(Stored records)
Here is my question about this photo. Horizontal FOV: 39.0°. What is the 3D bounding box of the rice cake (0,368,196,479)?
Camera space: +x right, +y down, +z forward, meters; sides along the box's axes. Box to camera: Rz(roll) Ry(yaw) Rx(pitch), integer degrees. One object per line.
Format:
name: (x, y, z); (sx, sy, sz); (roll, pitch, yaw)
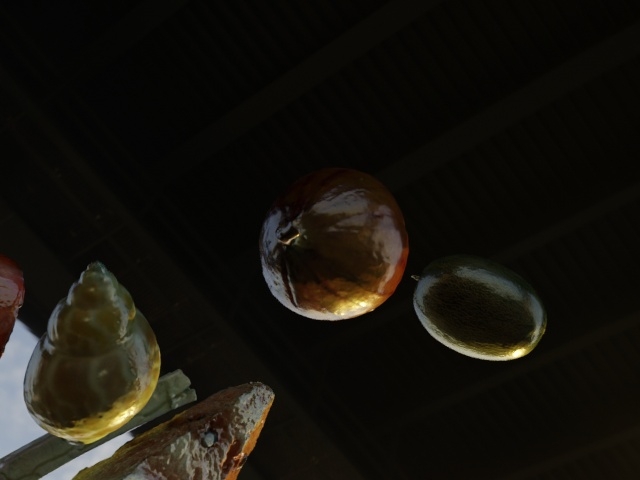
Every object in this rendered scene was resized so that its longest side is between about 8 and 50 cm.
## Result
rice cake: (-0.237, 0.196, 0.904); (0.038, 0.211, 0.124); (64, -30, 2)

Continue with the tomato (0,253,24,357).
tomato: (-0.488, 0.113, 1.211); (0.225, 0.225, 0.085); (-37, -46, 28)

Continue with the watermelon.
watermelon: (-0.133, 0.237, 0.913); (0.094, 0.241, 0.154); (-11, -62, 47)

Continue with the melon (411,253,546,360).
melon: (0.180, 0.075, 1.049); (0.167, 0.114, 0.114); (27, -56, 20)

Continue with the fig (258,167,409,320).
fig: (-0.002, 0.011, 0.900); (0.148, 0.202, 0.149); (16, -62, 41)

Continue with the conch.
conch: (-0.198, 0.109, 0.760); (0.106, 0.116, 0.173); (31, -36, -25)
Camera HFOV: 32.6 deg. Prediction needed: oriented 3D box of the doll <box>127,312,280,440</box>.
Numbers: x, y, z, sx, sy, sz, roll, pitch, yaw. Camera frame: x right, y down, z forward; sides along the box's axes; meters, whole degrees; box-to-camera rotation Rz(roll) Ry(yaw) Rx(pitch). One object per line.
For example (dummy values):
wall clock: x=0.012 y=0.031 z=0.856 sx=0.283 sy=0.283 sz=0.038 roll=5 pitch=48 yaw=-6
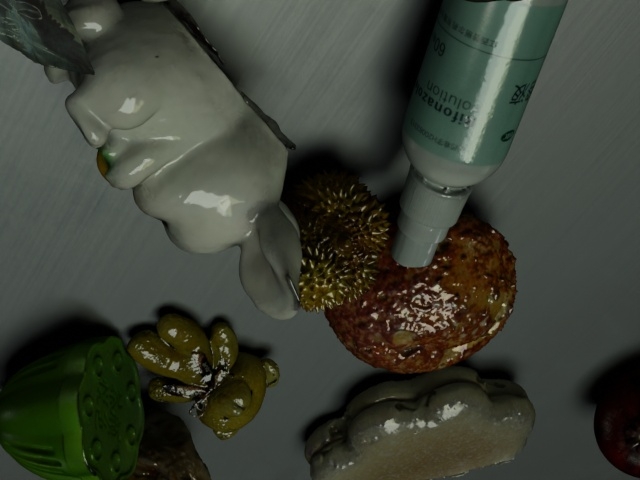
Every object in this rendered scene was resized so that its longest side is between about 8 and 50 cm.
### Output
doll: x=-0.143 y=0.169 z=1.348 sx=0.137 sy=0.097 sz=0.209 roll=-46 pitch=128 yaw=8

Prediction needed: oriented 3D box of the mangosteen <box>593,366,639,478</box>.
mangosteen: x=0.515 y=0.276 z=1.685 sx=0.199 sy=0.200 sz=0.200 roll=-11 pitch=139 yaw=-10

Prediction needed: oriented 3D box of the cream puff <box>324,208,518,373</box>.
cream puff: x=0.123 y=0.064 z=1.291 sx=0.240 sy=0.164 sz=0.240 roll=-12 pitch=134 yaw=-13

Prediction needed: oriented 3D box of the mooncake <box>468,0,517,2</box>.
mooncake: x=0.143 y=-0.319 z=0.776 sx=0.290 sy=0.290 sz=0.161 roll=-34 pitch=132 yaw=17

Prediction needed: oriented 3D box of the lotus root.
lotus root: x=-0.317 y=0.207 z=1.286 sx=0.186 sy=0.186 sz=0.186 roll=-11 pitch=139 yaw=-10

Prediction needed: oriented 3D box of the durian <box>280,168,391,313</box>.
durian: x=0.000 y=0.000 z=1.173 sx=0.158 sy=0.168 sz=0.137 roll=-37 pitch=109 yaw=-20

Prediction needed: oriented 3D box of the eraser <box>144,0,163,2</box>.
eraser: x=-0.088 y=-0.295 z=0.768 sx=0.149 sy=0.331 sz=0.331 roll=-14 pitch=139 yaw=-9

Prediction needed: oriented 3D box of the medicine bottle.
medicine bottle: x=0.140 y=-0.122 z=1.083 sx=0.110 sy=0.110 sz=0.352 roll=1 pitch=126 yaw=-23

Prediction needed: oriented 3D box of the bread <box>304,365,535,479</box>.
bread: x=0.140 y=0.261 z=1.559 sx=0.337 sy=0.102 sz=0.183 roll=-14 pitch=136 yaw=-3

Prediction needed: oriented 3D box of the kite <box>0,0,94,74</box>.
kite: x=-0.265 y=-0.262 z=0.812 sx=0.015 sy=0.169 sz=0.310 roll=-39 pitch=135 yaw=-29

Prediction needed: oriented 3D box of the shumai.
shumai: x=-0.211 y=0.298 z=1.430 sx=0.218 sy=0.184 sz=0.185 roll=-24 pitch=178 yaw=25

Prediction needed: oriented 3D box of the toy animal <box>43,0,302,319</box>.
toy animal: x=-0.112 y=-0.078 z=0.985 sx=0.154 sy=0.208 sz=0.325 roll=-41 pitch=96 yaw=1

* What you need to do: For each entry, copy the text exactly and leave out any image it carries.

* Solved exercise:
Here is my question about this photo. Horizontal FOV: 39.0°. What is the 3D bounding box of the rice cake (0,368,196,479)?
Camera space: +x right, +y down, +z forward, meters; sides along the box's axes. Box to camera: Rz(roll) Ry(yaw) Rx(pitch), integer degrees. One object per line.
Format:
name: (x, y, z); (sx, sy, sz); (roll, pitch, yaw)
Every object in this rendered scene was resized so that its longest side is between about 8 and 50 cm.
## Result
rice cake: (-0.237, 0.196, 0.904); (0.038, 0.211, 0.124); (64, -30, 2)

Continue with the tomato (0,253,24,357).
tomato: (-0.488, 0.113, 1.211); (0.225, 0.225, 0.085); (-37, -46, 28)

Continue with the watermelon.
watermelon: (-0.133, 0.237, 0.913); (0.094, 0.241, 0.154); (-11, -62, 47)

Continue with the melon (411,253,546,360).
melon: (0.180, 0.075, 1.049); (0.167, 0.114, 0.114); (27, -56, 20)

Continue with the fig (258,167,409,320).
fig: (-0.002, 0.011, 0.900); (0.148, 0.202, 0.149); (16, -62, 41)

Continue with the conch.
conch: (-0.198, 0.109, 0.760); (0.106, 0.116, 0.173); (31, -36, -25)
Camera HFOV: 32.6 deg. Prediction needed: oriented 3D box of the doll <box>127,312,280,440</box>.
Numbers: x, y, z, sx, sy, sz, roll, pitch, yaw. Camera frame: x right, y down, z forward; sides along the box's axes; meters, whole degrees; box-to-camera rotation Rz(roll) Ry(yaw) Rx(pitch). One object per line.
For example (dummy values):
wall clock: x=0.012 y=0.031 z=0.856 sx=0.283 sy=0.283 sz=0.038 roll=5 pitch=48 yaw=-6
Every object in this rendered scene was resized so that its longest side is between about 8 and 50 cm.
### Output
doll: x=-0.143 y=0.169 z=1.348 sx=0.137 sy=0.097 sz=0.209 roll=-46 pitch=128 yaw=8

Prediction needed: oriented 3D box of the mangosteen <box>593,366,639,478</box>.
mangosteen: x=0.515 y=0.276 z=1.685 sx=0.199 sy=0.200 sz=0.200 roll=-11 pitch=139 yaw=-10

Prediction needed: oriented 3D box of the cream puff <box>324,208,518,373</box>.
cream puff: x=0.123 y=0.064 z=1.291 sx=0.240 sy=0.164 sz=0.240 roll=-12 pitch=134 yaw=-13

Prediction needed: oriented 3D box of the mooncake <box>468,0,517,2</box>.
mooncake: x=0.143 y=-0.319 z=0.776 sx=0.290 sy=0.290 sz=0.161 roll=-34 pitch=132 yaw=17

Prediction needed: oriented 3D box of the lotus root.
lotus root: x=-0.317 y=0.207 z=1.286 sx=0.186 sy=0.186 sz=0.186 roll=-11 pitch=139 yaw=-10

Prediction needed: oriented 3D box of the durian <box>280,168,391,313</box>.
durian: x=0.000 y=0.000 z=1.173 sx=0.158 sy=0.168 sz=0.137 roll=-37 pitch=109 yaw=-20

Prediction needed: oriented 3D box of the eraser <box>144,0,163,2</box>.
eraser: x=-0.088 y=-0.295 z=0.768 sx=0.149 sy=0.331 sz=0.331 roll=-14 pitch=139 yaw=-9

Prediction needed: oriented 3D box of the medicine bottle.
medicine bottle: x=0.140 y=-0.122 z=1.083 sx=0.110 sy=0.110 sz=0.352 roll=1 pitch=126 yaw=-23

Prediction needed: oriented 3D box of the bread <box>304,365,535,479</box>.
bread: x=0.140 y=0.261 z=1.559 sx=0.337 sy=0.102 sz=0.183 roll=-14 pitch=136 yaw=-3

Prediction needed: oriented 3D box of the kite <box>0,0,94,74</box>.
kite: x=-0.265 y=-0.262 z=0.812 sx=0.015 sy=0.169 sz=0.310 roll=-39 pitch=135 yaw=-29

Prediction needed: oriented 3D box of the shumai.
shumai: x=-0.211 y=0.298 z=1.430 sx=0.218 sy=0.184 sz=0.185 roll=-24 pitch=178 yaw=25

Prediction needed: oriented 3D box of the toy animal <box>43,0,302,319</box>.
toy animal: x=-0.112 y=-0.078 z=0.985 sx=0.154 sy=0.208 sz=0.325 roll=-41 pitch=96 yaw=1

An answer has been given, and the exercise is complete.